The following article is from our September 2008 issue.

Painting for the World Through Cyberspace Real and surreal Internet creations by Germans in the Périgord, where mankind's first artists dwelled - By Uwe Siemon-Netto

A recent essay in the European edition of Time magazine proclaimed "The death of French Culture." But in France's Périgord region, where mankind's first painters created sophisticated images on cave walls 16,000 years ago, a thriving intercontinental colony of artists is helping to fill the void that has kicked off an anguished debate. Among them are two extraordinary Germans using 21st-century technology: They paint through cyberspace, and North America is their main market.

There are five things Liza Hirst and Manfred Märschenz have in common: German is their mother tongue; both are prolific figurative painters; they attended one of the finest art schools, the University of the Fine Arts in Berlin; both live in beautifully converted farmhouses in the Périgord, which Henry Miller once described as "the closest approximation of paradise." Both exhibit their works in the London-based cyber-gallery Saatchi Online, and the Internet is a significant tool of their trade in other ways as well.

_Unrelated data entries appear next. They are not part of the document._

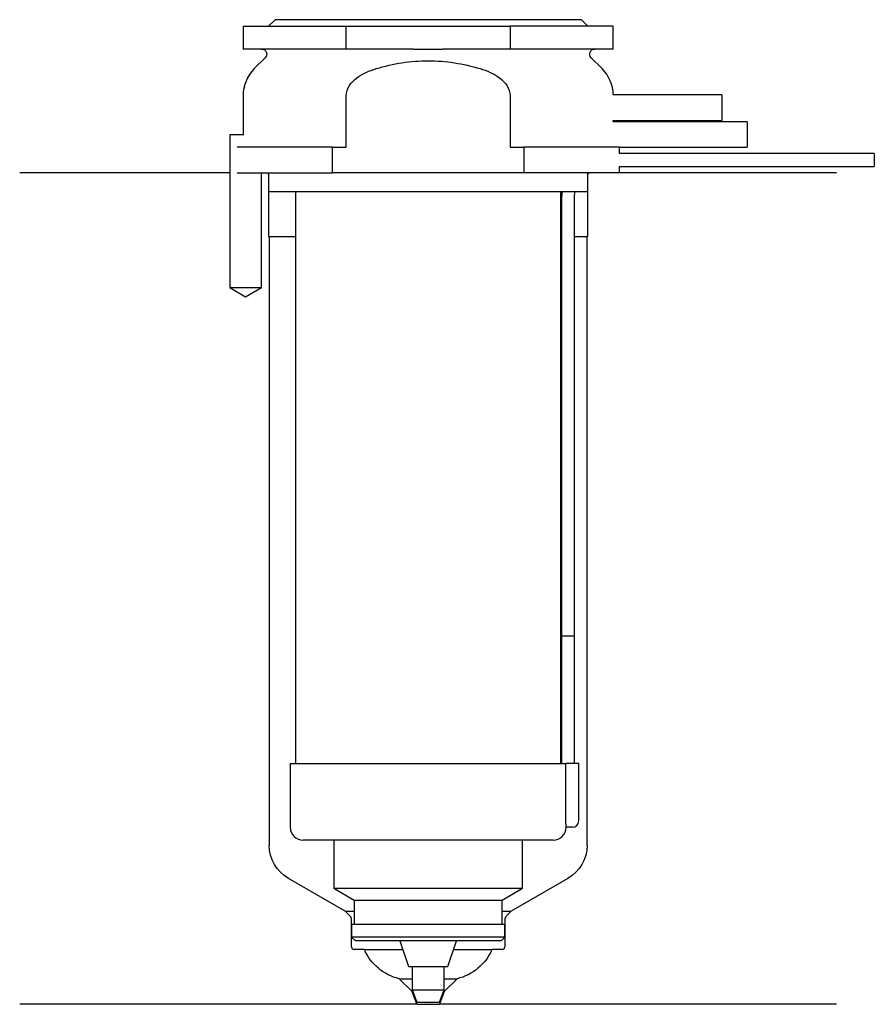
# Model space of a CAD drawing. Header units: inches. Extents: x 25.5 to 92.5, y 207.1 to 284.3.
import ezdxf

# ---------------------------------------------------------------- set-up
doc = ezdxf.new("R2010")
doc.units = ezdxf.units.IN
for name, color, linetype in [('201', 7, 'Continuous'), ('30', 7, 'Continuous'), ('32', 7, 'Continuous')]:
    doc.layers.add(name, color=color, linetype=linetype)

msp = doc.modelspace()

# ---------------------------------------------------------------- linework, layer by layer
at = {"layer": '201', "color": 113}
for p, q in [((41.976, 272.313), (25.526, 272.313)), ((41.976, 272.313), (41.976, 263.313)), ((44.476, 263.313), (44.476, 272.313)), ((44.926, 272.313), (45.026, 272.213)), ((45.026, 272.213), (45.026, 267.313)), ((70.026, 272.213), (70.126, 272.313)), ((70.026, 267.313), (70.026, 272.213)), ((89.526, 272.313), (72.526, 272.313)), ((45.026, 267.313), (45.076, 267.313)), ((45.076, 267.313), (45.076, 219.606)), ((45.076, 267.313), (47.126, 267.313)), ((67.925, 267.313), (67.975, 267.313)), ((68.975, 267.313), (69.976, 267.313)), ((69.976, 219.606), (69.976, 267.313)), ((69.976, 267.313), (70.026, 267.313)), ((41.976, 263.313), (43.226, 262.591)), ((43.226, 262.591), (44.476, 263.313)), ((51.021, 214.441), (46.576, 217.008)), ((68.476, 217.008), (64.031, 214.441)), ((51.021, 214.441), (51.721, 214.441)), ((51.403, 214.059), (51.021, 214.441)), ((51.521, 211.641), (51.521, 213.776)), ((63.33, 214.441), (64.031, 214.441)), ((63.531, 213.776), (63.531, 211.641)), ((64.031, 214.441), (63.648, 214.059)), ((52.526, 211.441), (51.721, 211.441)), ((52.526, 211.441), (55.524, 211.441)), ((59.527, 211.441), (62.526, 211.441)), ((63.331, 211.441), (62.526, 211.441)), ((56.262, 208.141), (55.262, 209.141)), ((55.262, 209.141), (56.276, 209.141)), ((58.775, 209.141), (59.789, 209.141)), ((59.789, 209.141), (58.789, 208.141)), ((56.626, 207.141), (56.262, 208.141)), ((56.262, 208.141), (56.324, 208.141)), ((58.789, 208.141), (58.426, 207.141)), ((58.727, 208.141), (58.789, 208.141)), ((56.626, 207.141), (25.526, 207.141)), ((56.626, 207.141), (58.426, 207.141)), ((89.526, 207.141), (58.426, 207.141))]:
    msp.add_line(p, q, dxfattribs=at)
at = {"layer": '201', "color": 113, "extrusion": (0, 0, -1)}
for centre, radius, start, end in [((-48.076, 219.606), 3, 300, 360), ((-66.976, 219.606), 3, 180, 240), ((-56.196, 213.031), 4, 283.51353, 336.58958), ((-58.855, 213.031), 4, 203.41042, 256.48647)]:
    msp.add_arc(centre, radius, start, end, dxfattribs=at)
at = {"layer": '201', "color": 113}
for centre, radius, start, end in [((51.121, 213.776), 0.4, 0, 45), ((63.931, 213.776), 0.4, 135, 180), ((51.721, 211.641), 0.2, 180, 270), ((63.331, 211.641), 0.2, -90, 0)]:
    msp.add_arc(centre, radius, start, end, dxfattribs=at)
at = {"layer": '30', "color": 113}
for p, q in [((45.526, 284.313), (45.026, 283.813)), ((69.526, 284.313), (45.526, 284.313)), ((70.026, 283.813), (69.526, 284.313)), ((43.026, 283.813), (43.026, 282.013)), ((43.026, 283.813), (51.103, 283.813)), ((51.103, 283.813), (63.948, 283.813)), ((51.103, 282.013), (51.103, 283.813)), ((72.026, 283.813), (63.948, 283.813)), ((63.948, 283.813), (63.948, 282.013)), ((72.026, 282.013), (72.026, 283.813)), ((51.103, 282.013), (43.026, 282.013)), ((56.384, 282.013), (51.103, 282.013)), ((63.948, 282.013), (58.667, 282.013)), ((72.026, 282.013), (63.948, 282.013)), ((44.758, 281.33), (43.904, 280.476)), ((71.147, 280.476), (70.293, 281.33)), ((43.026, 278.355), (43.026, 275.313)), ((51.103, 274.313), (51.103, 278.355)), ((63.948, 278.355), (63.948, 274.313)), ((72.026, 276.313), (72.026, 276.413)), ((41.976, 275.313), (43.079, 275.313)), ((41.976, 275.313), (41.976, 263.313)), ((50.042, 274.313), (42.563, 274.313)), ((50.042, 272.313), (50.042, 274.313)), ((50.042, 274.313), (51.103, 274.313)), ((63.948, 274.313), (65.009, 274.313)), ((72.526, 274.313), (65.009, 274.313)), ((65.009, 274.313), (65.009, 272.313)), ((72.526, 273.813), (72.526, 274.313)), ((92.476, 273.813), (72.526, 273.813)), ((92.476, 273.813), (92.476, 272.813)), ((72.526, 272.313), (72.526, 272.813)), ((72.526, 272.813), (92.476, 272.813)), ((42.563, 272.313), (50.042, 272.313)), ((44.476, 263.313), (44.476, 272.313)), ((45.026, 272.313), (45.026, 270.813)), ((65.009, 272.313), (50.042, 272.313)), ((72.526, 272.313), (65.009, 272.313)), ((70.026, 270.813), (70.026, 272.313)), ((70.026, 270.813), (45.026, 270.813)), ((47.126, 270.813), (47.126, 226.013)), ((67.926, 226.013), (67.926, 270.813)), ((67.976, 270.313), (67.976, 236.013)), ((68.976, 236.013), (68.976, 270.313)), ((41.976, 263.313), (44.476, 263.313)), ((67.976, 236.013), (68.976, 236.013)), ((67.976, 236.013), (67.976, 226.013)), ((67.976, 236.013), (68.976, 236.013)), ((68.976, 226.013), (68.976, 236.013)), ((46.726, 226.013), (68.294, 226.013)), ((46.726, 226.013), (46.726, 221.013)), ((68.294, 226.013), (68.294, 221.513)), ((69.326, 226.013), (68.294, 226.013)), ((69.326, 221.513), (69.326, 226.013)), ((68.826, 221.013), (68.321, 221.013)), ((67.326, 220.013), (47.726, 220.013)), ((50.126, 220.013), (50.126, 216.234)), ((64.926, 216.234), (64.926, 220.013)), ((50.126, 216.234), (64.926, 216.234)), ((50.126, 216.234), (51.721, 215.313)), ((63.331, 215.313), (64.926, 216.234)), ((51.721, 215.313), (51.721, 213.413)), ((51.721, 215.313), (63.331, 215.313)), ((63.331, 213.413), (63.331, 215.313)), ((51.521, 213.413), (51.521, 212.413)), ((51.521, 213.413), (63.531, 213.413)), ((63.531, 212.413), (63.531, 213.413)), ((51.521, 212.413), (51.821, 212.113)), ((63.531, 212.413), (51.521, 212.413)), ((63.231, 212.113), (63.531, 212.413)), ((63.231, 212.113), (51.821, 212.113)), ((55.295, 212.113), (55.976, 210.113)), ((59.076, 210.113), (59.756, 212.113)), ((55.976, 210.113), (59.076, 210.113)), ((56.276, 210.113), (56.276, 208.275)), ((58.776, 208.275), (58.776, 210.113)), ((56.276, 208.275), (56.626, 207.313)), ((56.276, 208.275), (58.776, 208.275)), ((58.426, 207.313), (58.776, 208.275)), ((56.626, 207.313), (58.426, 207.313))]:
    msp.add_line(p, q, dxfattribs=at)
at = {"layer": '30', "color": 113, "extrusion": (0, 0, -1)}
for centre, radius, start, end in [((-44.476, 281.613), 0.4, 90, 225), ((-70.576, 281.613), 0.4, -45, 90), ((-71.476, 270.313), 2.5, 0, 11.53827)]:
    msp.add_arc(centre, radius, start, end, dxfattribs=at)
at = {"layer": '30', "color": 113}
for centre, radius, start, end in [((46.026, 278.355), 3, 135, 180), ((69.026, 278.355), 3, 1.11445, 45), ((71.476, 270.313), 3.5, 171.78609, 180), ((68.826, 221.513), 0.5, -90, 0), ((47.726, 221.013), 1, 180, 270), ((67.326, 221.013), 1, -90, 0)]:
    msp.add_arc(centre, radius, start, end, dxfattribs=at)
for points, knots in [([(56.384, 282.013), (56.576, 282.013), (56.767, 282.012), (57.055, 282.011), (57.15, 282.01), (57.294, 282.01), (57.342, 282.01), (57.438, 282.01), (57.486, 282.01), (57.911, 282.01), (58.289, 282.013), (58.667, 282.013)], [0, 0, 0, 0, 0.25, 0.25, 0.375, 0.375, 0.4375, 0.4375, 0.5, 0.5, 1, 1, 1, 1]), ([(53.459, 280.476), (54.778, 280.87), (56.148, 281.098), (58.908, 281.097), (60.276, 280.869), (61.592, 280.476)], [0, 0, 0, 0, 0.5, 0.5, 1, 1, 1, 1]), ([(51.103, 278.355), (51.103, 278.921), (51.487, 279.426), (52.39, 280.097), (52.92, 280.315), (53.459, 280.476)], [0, 0, 0, 0, 0.5, 0.5, 1, 1, 1, 1]), ([(61.592, 280.476), (62.13, 280.315), (62.66, 280.099), (63.571, 279.42), (63.948, 278.919), (63.948, 278.355)], [0, 0, 0, 0, 0.5, 0.5, 1, 1, 1, 1]), ([(68.294, 221.513), (68.294, 221.458), (68.294, 221.401), (68.297, 221.297), (68.299, 221.247), (68.304, 221.16), (68.306, 221.122), (68.312, 221.063), (68.314, 221.041), (68.316, 221.028), (68.318, 221.018), (68.32, 221.013)], [0, 0, 0, 0, 0.208474, 0.208474, 0.417184, 0.417184, 0.626081, 0.626081, 0.836339, 0.836339, 1, 1, 1, 1])]:
    msp.add_open_spline(points, degree=3, knots=knots, dxfattribs=at)
at = {"layer": '32', "color": 113}
for p, q in [((80.526, 278.413), (72.025, 278.413)), ((80.526, 278.413), (80.526, 276.413)), ((72.025, 276.413), (80.526, 276.413)), ((82.526, 276.313), (72.025, 276.313)), ((82.526, 276.313), (82.526, 274.313)), ((72.525, 274.313), (82.526, 274.313))]:
    msp.add_line(p, q, dxfattribs=at)

doc.saveas('drawing.dxf')
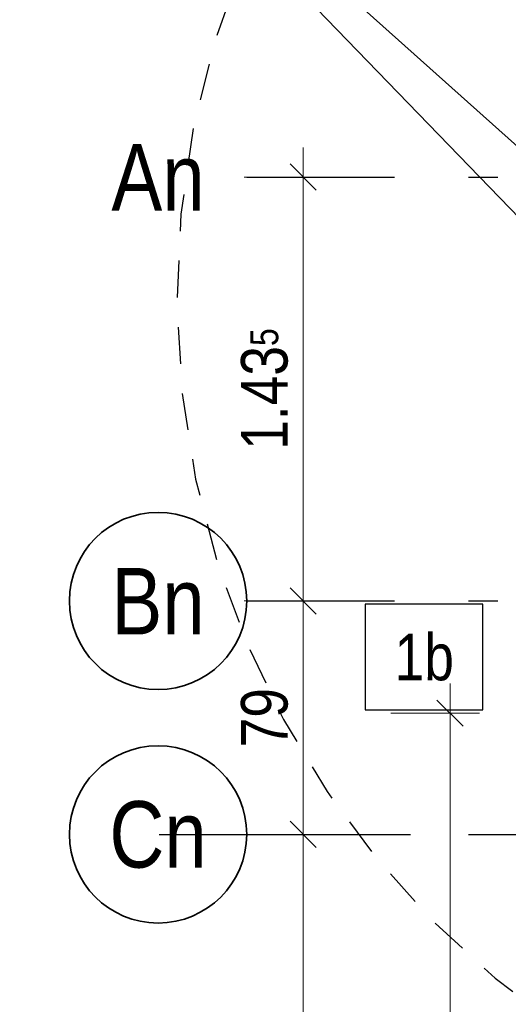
# Model space of a CAD drawing. Header units: millimetres. Extents: x 0 to 91, y -53.4 to 42.
# Tile 142 of 180: x 4 to 5.7, y 35.5 to 38.8. Entities that reach past the tile are written whole.
import ezdxf
from ezdxf.enums import TextEntityAlignment as Align

# ---------------------------------------------------------------- set-up
doc = ezdxf.new("R2010")
doc.units = ezdxf.units.MM
doc.linetypes.add('DASHDOTX2', pattern=[2, 1, -0.5, 0, -0.5])
doc.linetypes.add('HIDDEN', pattern=[0.375, 0.25, -0.125])
doc.layers.add('Achsen', color=7, linetype='Continuous', lineweight=20)
doc.styles.add('Arial Narrow', font='ARIALN.TTF')
doc.dimstyles.new('Arch_Strakon_dimstyle', dxfattribs={"dimtxt": 1, "dimasz": 1, "dimexe": 1.25, "dimexo": 0.0625, "dimgap": 1, "dimtad": 0, "dimdec": 5, "dimzin": 12, "dimdsep": 46, "dimtxsty": 'Arial Narrow', "dimblk": 'Arrowhead_Tick', "dimsah": 1, "dimcen": 0, "dimse1": 1, "dimse2": 1, "dimclrd": 6, "dimclrt": 2, "dimazin": 0, "dimtfac": 1, "dimtdec": 4, "dimtmove": 0, "dimatfit": 3, "dimldrblk": 'NONE', "dimfxl": 1, "dimtvp": 1, "dimtolj": 1, "dimtzin": 0, "dimlwd": 13, "dimarcsym": 2})

# ---------------------------------------------------------------- blocks, each defined once
blk = doc.blocks.new('Arrowhead_Tick')
at = {"color": 0, "linetype": 'Continuous', "lineweight": -2}
for p, q in [((0, 20), (0, -10)), ((-1, 0), (0, 0)), ((10, 0), (0, 0))]:
    blk.add_line(p, q, dxfattribs=at)
at = {"color": 2, "linetype": 'Continuous', "lineweight": 35}
blk.add_line((4.42, 4.42), (-4.42, -4.42), dxfattribs=at)
blk = doc.blocks.new('*D11')
at = {"layer": 'Achsen', "color": 6, "linetype": 'Continuous', "lineweight": 13}
for p, q in [((8.35, 38.3647), (8.35, 38.3747)), ((8.35, 38.2797), (8.35, 38.3547)), ((8.35, 38.2697), (8.35, 38.2597))]:
    blk.add_line(p, q, dxfattribs=at)
at = {"layer": 'Defpoints', "color": 0}
for p in [(7.6165, 38.3547), (8.35, 38.3547), (4.8122, 38.2797)]:
    blk.add_point(p, dxfattribs=at)
at = {"layer": 'Achsen', "color": 6, "lineweight": 13, "xscale": 0.01, "yscale": 0.01, "zscale": 0.01}
for p, rotation in [((8.35, 38.3547), 270), ((8.35, 38.2797), 90)]:
    blk.add_blockref('Arrowhead_Tick', p, dxfattribs=dict(at, rotation=rotation))
at = {"layer": 'Achsen', "color": 2, "lineweight": -2, "insert": (8.3, 38.5203), "char_height": 0.1575, "attachment_point": 5, "rotation": 90, "style": 'Arial Narrow'}
blk.add_mtext('\\A1;7{\\A1;\\H.6x;\\S5;}', dxfattribs=at)
blk = doc.blocks.new('_None')
blk = doc.blocks.new('*D16')
at = {"layer": 'Achsen', "color": 6, "linetype": 'Continuous', "lineweight": 13}
blk.add_line((5.0031, 32.0047), (5.0031, 36.0447), dxfattribs=at)
at = {"layer": 'Defpoints', "color": 0}
for p in [(4.8122, 36.0547), (5.0031, 36.0547), (4.8122, 31.9947)]:
    blk.add_point(p, dxfattribs=at)
at = {"layer": 'Achsen', "color": 6, "lineweight": 13, "xscale": 0.01, "yscale": 0.01, "zscale": 0.01}
for p, rotation in [((5.0031, 36.0547), 89.99999999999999), ((5.0031, 31.9947), 270)]:
    blk.add_blockref('Arrowhead_Tick', p, dxfattribs=dict(at, rotation=rotation))
at = {"layer": 'Achsen', "color": 2, "lineweight": -2, "insert": (4.8727, 34.0247), "char_height": 0.1575, "attachment_point": 5, "rotation": 90, "style": 'Arial Narrow'}
blk.add_mtext('\\A1;4.06', dxfattribs=at)
blk = doc.blocks.new('*D17')
at = {"layer": 'Achsen', "color": 6, "linetype": 'Continuous', "lineweight": 13}
blk.add_line((5.0031, 36.0647), (5.0031, 36.8347), dxfattribs=at)
at = {"layer": 'Defpoints', "color": 0}
for p in [(4.8122, 36.8447), (5.0031, 36.8447), (4.8122, 36.0547)]:
    blk.add_point(p, dxfattribs=at)
at = {"layer": 'Achsen', "color": 6, "lineweight": 13, "xscale": 0.01, "yscale": 0.01, "zscale": 0.01}
for p, rotation in [((5.0031, 36.8447), 90), ((5.0031, 36.0547), 270)]:
    blk.add_blockref('Arrowhead_Tick', p, dxfattribs=dict(at, rotation=rotation))
at = {"layer": 'Achsen', "color": 2, "lineweight": -2, "insert": (4.8727, 36.4497), "char_height": 0.1575, "attachment_point": 5, "rotation": 90, "style": 'Arial Narrow'}
blk.add_mtext('\\A1;79', dxfattribs=at)
blk = doc.blocks.new('*D18')
at = {"layer": 'Achsen', "color": 6, "linetype": 'Continuous', "lineweight": 13}
blk.add_line((5.0031, 36.8547), (5.0031, 38.2697), dxfattribs=at)
at = {"layer": 'Defpoints', "color": 0}
for p in [(4.8122, 38.2797), (5.0031, 38.2797), (4.8122, 36.8447)]:
    blk.add_point(p, dxfattribs=at)
at = {"layer": 'Achsen', "color": 6, "lineweight": 13, "xscale": 0.01, "yscale": 0.01, "zscale": 0.01}
for p, rotation in [((5.0031, 38.2797), 90), ((5.0031, 36.8447), 270)]:
    blk.add_blockref('Arrowhead_Tick', p, dxfattribs=dict(at, rotation=rotation))
at = {"layer": 'Achsen', "color": 2, "lineweight": -2, "insert": (4.8727, 37.5622), "char_height": 0.1575, "attachment_point": 5, "rotation": 90, "style": 'Arial Narrow'}
blk.add_mtext('\\A1;1.43{\\A1;\\H.6x;\\S5;}', dxfattribs=at)
blk = doc.blocks.new('*D61')
at = {"color": 6, "linetype": 'Continuous', "lineweight": 13}
blk.add_line((6.3, 34.0347), (6.3, 36.2499), dxfattribs=at)
at = {"layer": 'Defpoints', "color": 0}
for p in [(6.3, 36.2599), (7.3238, 36.2599), (4.8122, 34.0247)]:
    blk.add_point(p, dxfattribs=at)
at = {"color": 6, "lineweight": 13, "xscale": 0.01, "yscale": 0.01, "zscale": 0.01}
for p, rotation in [((6.3, 36.2599), 90), ((6.3, 34.0247), 270)]:
    blk.add_blockref('Arrowhead_Tick', p, dxfattribs=dict(at, rotation=rotation))
at = {"color": 3, "lineweight": 35, "insert": (6.1926, 35.1423), "char_height": 0.1125, "attachment_point": 5, "rotation": 90, "style": 'Arial Narrow'}
blk.add_mtext('\\A1;2235', dxfattribs=at)
blk = doc.blocks.new('*D62')
at = {"color": 6, "linetype": 'Continuous', "lineweight": 13}
blk.add_line((5.5, 34.0347), (5.5, 36.4552), dxfattribs=at)
at = {"layer": 'Defpoints', "color": 0}
for p in [(5.5, 36.4652), (5.7386, 36.4652), (4.8122, 34.0247)]:
    blk.add_point(p, dxfattribs=at)
at = {"color": 6, "lineweight": 13, "xscale": 0.01, "yscale": 0.01, "zscale": 0.01}
for p, rotation in [((5.5, 36.4652), 90), ((5.5, 34.0247), 270)]:
    blk.add_blockref('Arrowhead_Tick', p, dxfattribs=dict(at, rotation=rotation))
at = {"color": 3, "lineweight": 35, "insert": (5.3926, 35.245), "char_height": 0.1125, "attachment_point": 5, "rotation": 90, "style": 'Arial Narrow'}
blk.add_mtext('\\A1;2440', dxfattribs=at)

msp = doc.modelspace()

# ---------------------------------------------------------------- linework, layer by layer
at = {"color": 3, "linetype": 'Continuous', "lineweight": 25}
for p, q in [((5.6110512, 36.8337212), (5.2126012, 36.8337212)), ((5.2126012, 36.8337212), (5.2126012, 36.4762212)), ((5.6110512, 36.4762212), (5.6110512, 36.8337212)), ((5.2126012, 36.4762212), (5.6110512, 36.4762212))]:
    msp.add_line(p, q, dxfattribs=at)
at = {"color": 3, "linetype": 'DASHDOTX2', "lineweight": 25, "ltscale": 0.5}
msp.add_line((4.5164666, 36.0548333), (9.3148342, 36.0548333), dxfattribs=at)
at = {"color": 3, "linetype": 'HIDDEN', "lineweight": 25, "ltscale": 0.5}
msp.add_arc((7.5762244, 37.8701894), 3, 91.6136657, 269.0631409, dxfattribs=at)
at = {"layer": 'Achsen', "color": 5, "linetype": 'Continuous', "lineweight": 18}
for q in [(7.3158979, 36.5041483), (7.5817377, 36.7237551)]:
    msp.add_line((4.0440779, 39.8901707), q, dxfattribs=at)
at = {"layer": 'Achsen', "color": 3, "linetype": 'DASHDOTX2', "lineweight": 25, "ltscale": 0.5}
for p, q in [((4.8121848, 38.2797364), (50.98708, 38.2797364)), ((4.8121848, 36.8447364), (50.98708, 36.8447364)), ((4.8121848, 36.0547364), (50.98708, 36.0547364))]:
    msp.add_line(p, q, dxfattribs=at)
at = {"layer": 'Achsen', "color": 2, "linetype": 'Continuous', "lineweight": 35}
for centre in [(4.5121848, 36.8447364), (4.5121848, 36.0547364)]:
    msp.add_circle(centre, 0.3, dxfattribs=at)

# ---------------------------------------------------------------- texts
at = {"color": 2, "lineweight": 35, "style": 'Arial Narrow'}
msp.add_text('1b', height=0.1575, dxfattribs=at).set_placement((5.3126012, 36.5762212))
at = {"layer": 'Achsen', "color": 4, "lineweight": 50, "style": 'Arial Narrow'}
for s, p in [('An', (4.5121848, 38.278909)), ('Bn', (4.5121848, 36.843909)), ('Cn', (4.5121848, 36.0547364))]:
    msp.add_text(s, height=0.225, dxfattribs=at).set_placement(p, align=Align.MIDDLE_CENTER)

# ---------------------------------------------------------------- dimensions: what is measured, and where the dimension line sits
at = {"lineweight": 35}
for base, p2, text, picture, middle in [((5.5, 36.4651998), (5.7386369, 36.4651998), '2440', '*D62', (5.5, 35.2449681)), ((6.3, 36.2598779), (7.3237842, 36.2598779), '2235', '*D61', (6.3, 35.1423071))]:
    dim = msp.add_linear_dim(base=base, p1=(4.8121848, 34.0247364), p2=p2, angle=90, text=text, dimstyle='Arch_Strakon_dimstyle', override={"dimscale": 0.01, "dimtxt": 11.25, "dimasz": 1, "dimgap": 5, "dimtad": 1, "dimjust": 0, "dimtih": 0, "dimtoh": 0, "dimdec": 6, "dimdsep": 46, "dimtxsty": 'Arial Narrow', "dimclrd": 6, "dimclrt": 3, "dimtix": 1, "dimtofl": 255, "dimtmove": 0, "dimatfit": 2, "dimfxl": 0, "dimfxlon": 0, "dimtvp": 44.444444, "dimlwd": 13}, dxfattribs=at)
    dim.commit()
    dim.dimension.update_dxf_attribs({"geometry": picture, "text_midpoint": middle, "dimtype": 160})
at = {"layer": 'Achsen', "lineweight": -2}
for base, p1, p2, text, override, picture, middle in [((8.35, 38.3546901), (4.8121848, 38.2797364), (7.6164942, 38.3546901), '7{\\A1;\\H.6x;\\S5;}', {"dimscale": 0.01, "dimtxt": 15.75, "dimasz": 1, "dimgap": 5, "dimtad": 0, "dimjust": 0, "dimtih": 0, "dimtoh": 0, "dimdec": 4, "dimdsep": 46, "dimtxsty": 'Arial Narrow', "dimclrd": 6, "dimclrt": 2, "dimtix": 0, "dimtofl": 255, "dimtmove": 2, "dimatfit": 2, "dimfxl": 0, "dimfxlon": 0, "dimtvp": 31.746032, "dimlwd": 13}, '*D11', (8.3, 38.520262)), ((5.0031274, 38.2797364), (4.8121848, 36.8447364), (4.8121848, 38.2797364), '1.43{\\A1;\\H.6x;\\S5;}', {"dimscale": 0.01, "dimtxt": 15.75, "dimasz": 1, "dimgap": 5, "dimtad": 1, "dimjust": 0, "dimtih": 0, "dimtoh": 0, "dimdec": 4, "dimdsep": 46, "dimtxsty": 'Arial Narrow', "dimclrd": 6, "dimclrt": 2, "dimtix": 1, "dimtofl": 255, "dimtmove": 0, "dimatfit": 2, "dimfxl": 0, "dimfxlon": 0, "dimtvp": 31.746032, "dimlwd": 13}, '*D18', (5.0031274, 37.5622364)), ((5.0031274, 36.8447364), (4.8121848, 36.0547364), (4.8121848, 36.8447364), '79', {"dimscale": 0.01, "dimtxt": 15.75, "dimasz": 1, "dimgap": 5, "dimtad": 1, "dimjust": 0, "dimtih": 0, "dimtoh": 0, "dimdec": 4, "dimdsep": 46, "dimtxsty": 'Arial Narrow', "dimclrd": 6, "dimclrt": 2, "dimtix": 1, "dimtofl": 255, "dimtmove": 0, "dimatfit": 2, "dimfxl": 0, "dimfxlon": 0, "dimtvp": 31.746032, "dimlwd": 13}, '*D17', (5.0031274, 36.4497364)), ((5.0031274, 36.0547364), (4.8121848, 31.9947364), (4.8121848, 36.0547364), '4.06', {"dimscale": 0.01, "dimtxt": 15.75, "dimasz": 1, "dimgap": 5, "dimtad": 1, "dimjust": 0, "dimtih": 0, "dimtoh": 0, "dimdec": 4, "dimdsep": 46, "dimtxsty": 'Arial Narrow', "dimclrd": 6, "dimclrt": 2, "dimtix": 1, "dimtofl": 255, "dimtmove": 0, "dimatfit": 2, "dimfxl": 0, "dimfxlon": 0, "dimtvp": 31.746032, "dimlwd": 13}, '*D16', (5.0031274, 34.0247364))]:
    dim = msp.add_linear_dim(base=base, p1=p1, p2=p2, angle=90, text=text, dimstyle='Arch_Strakon_dimstyle', override=override, dxfattribs=at)
    dim.commit()
    dim.dimension.update_dxf_attribs({"geometry": picture, "text_midpoint": middle, "dimtype": 160})

doc.saveas('drawing.dxf')

But here the resemblance ends. For one thing, says Liza Hirst, "Manfred is an eccentric, while there's nothing eccentric about me." Hirst, a painter much admired in the Périgord arts community for her portraits, is a realist who calls her style "classical modern." Manfred Märschenz by contrast seeks to "break reality" in the enigmatic way of the 16th-century Milan Mannerist Giuseppe Arcimboldo (1526-1593), who depicted Emperor Rudolf II in the form of a still life of vegetables and flowers. Mannerism had a great influence on Dadaism, Cubism and especially Surrealism four centuries later. Call Märschenz a Surrealist Cyber Mannerist and you've got him about right.

Seemingly unreal aspects of Märschenz' life may have helped shape his work. A saddler's son, he was born in a Berlin air raid shelter during one of the worst bombing nights near the end of World War II. Sixteen years later, he slipped from East to West Berlin literally minutes before the Communists sealed off their part of the city on Aug. 13, 1961, ultimately building the Berlin Wall. In the free part of Berlin, he trained as a carpenter, painted and worked on film sets with his Dutch girlfriend Anneke, who is now his wife. With Anneke, a film costume designer, he also made it to Hollywood at the invitation of actor Robert Mitchum.

These days, he tries to emulate Arcimboldo's 16th-century sense of allegory by linking it to the electronic age. With a computer mouse, he converts photographs surrealistically into "digipaintings." In one, a brilliant red sky contrasts with a bright green grasshopper clinging to Märschenz' hairy finger. "Nature on my Finger," he titled the picture hanging in the exhibition room in his farmhouse.

He e-mailed this image, like all of his other electronic creations, to a specialist printer in Berlin. Using a process called Electron Impact Chemical Ionization, or EICE, the printer transferred it to a large piece of fabric that can be machine-washed at 40 degrees Celsius (104 F) and even ironed without putting the work of art at risk.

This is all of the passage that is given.